So would a headlamp strapped to your forehead.

In reality, the opaque lens on Lotus Lights have a lot of spread so you can probably get away with spreading them out. They're not nearly as directional as the old projector lamps.


----------



## MechanicalDVR (Dec 29, 2007)

99cents said:


> So would a headlamp strapped to your forehead.
> 
> In reality, the opaque lens on Lotus Lights have a lot of spread so you can probably get away with spreading them out. They're not nearly as directional as the old projector lamps.


I took that into consideration while setting up my model in my mind. 

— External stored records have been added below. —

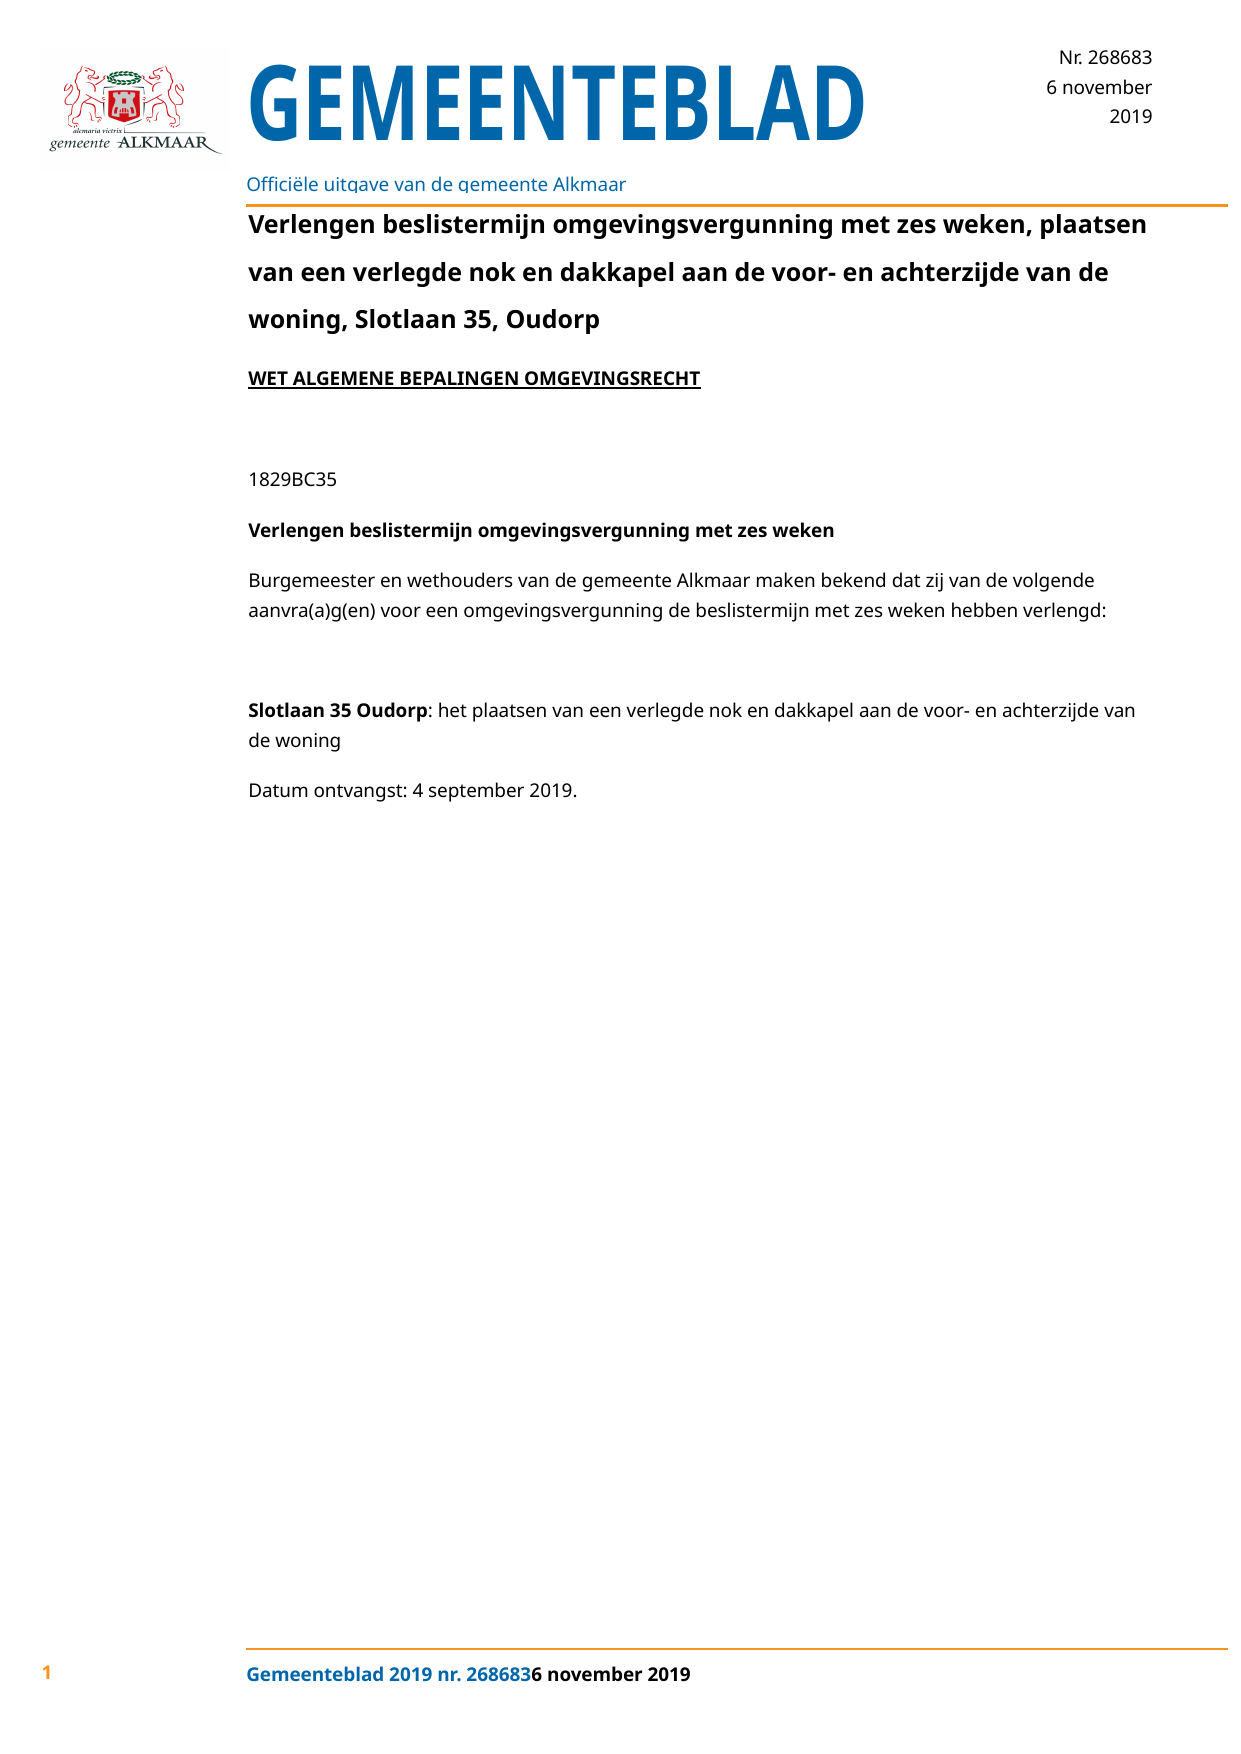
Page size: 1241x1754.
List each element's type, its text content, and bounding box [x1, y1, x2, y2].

text WET ALGEMENE BEPALINGEN OMGEVINGSRECHT [248, 366, 1152, 391]
text Slotlaan 35 Oudorp: het plaatsen van een verlegde nok en dakkapel aan de voor- en achterzijde van de woning [248, 698, 1152, 753]
text Verlengen beslistermijn omgevingsvergunning met zes weken [248, 517, 1152, 542]
text Burgemeester en wethouders van de gemeente Alkmaar maken bekend dat zij van de volgende aanvra(a)g(en) voor een omgevingsvergunning de beslistermijn met zes weken hebben verlengd: [248, 567, 1152, 622]
text 1829BC35 [248, 466, 1152, 492]
text Verlengen beslistermijn omgevingsvergunning met zes weken, plaatsen van een verlegde nok en dakkapel aan de voor- en achterzijde van de woning, Slotlaan 35, Oudorp [248, 207, 1152, 336]
picture [41, 47, 231, 172]
text Datum ontvangst: 4 september 2019. [248, 778, 1152, 803]

Lights being 42" off the outer walls and 7' on center approximately at 8' AFF.


----------



## 99cents (Aug 20, 2012)

This could be a good scenario for bronze/silver/gold:

Bronze - two fixtures so you don't walk into the sofa.
Silver - 15 fixtures so you don't trip over the cat.
Gold - 21 fixtures with even spacing and excellent uniformity.

At $110.00 per point:

2 X $110.00 = $240.00
15 X $110.00 = $1650.00
21 X $110.00 = $2310.00

It probably depends on if the job is in the ghetto or Mortgage Heights  .


----------



## MechanicalDVR (Dec 29, 2007)

99cents said:


> This could be a good scenario for bronze/silver/gold:
> 
> Bronze - two fixtures so you don't walk into the sofa.
> Silver - 15 fixtures so you don't trip over the cat.
> ...


21 was it mentioned that it was a surgical suite?


----------



## 99cents (Aug 20, 2012)

MechanicalDVR said:


> 21 was it mentioned that it was a surgical suite?


Duh. We're talking 18 fc.


----------



## MechanicalDVR (Dec 29, 2007)

99cents said:


> Duh. We're talking 18 fc.


18fc=18 friggin cans?


----------



## HackWork (Oct 2, 2009)

99cents gets a commision for every Lotus light he gets us to install :laughing::thumbup:


----------



## 99cents (Aug 20, 2012)

HackWork said:


> 99cents gets a commision for every Lotus light he gets us to install :laughing::thumbup:


I wish. If I was still in the lighting biz when those guys came along, I would have tied my ass to them and made a killing  .


----------



## MechanicalDVR (Dec 29, 2007)

HackWork said:


> 99cents gets a commision for every Lotus light he gets us to install :laughing::thumbup:


I can respect that, it's a part of the basis of free enterprise.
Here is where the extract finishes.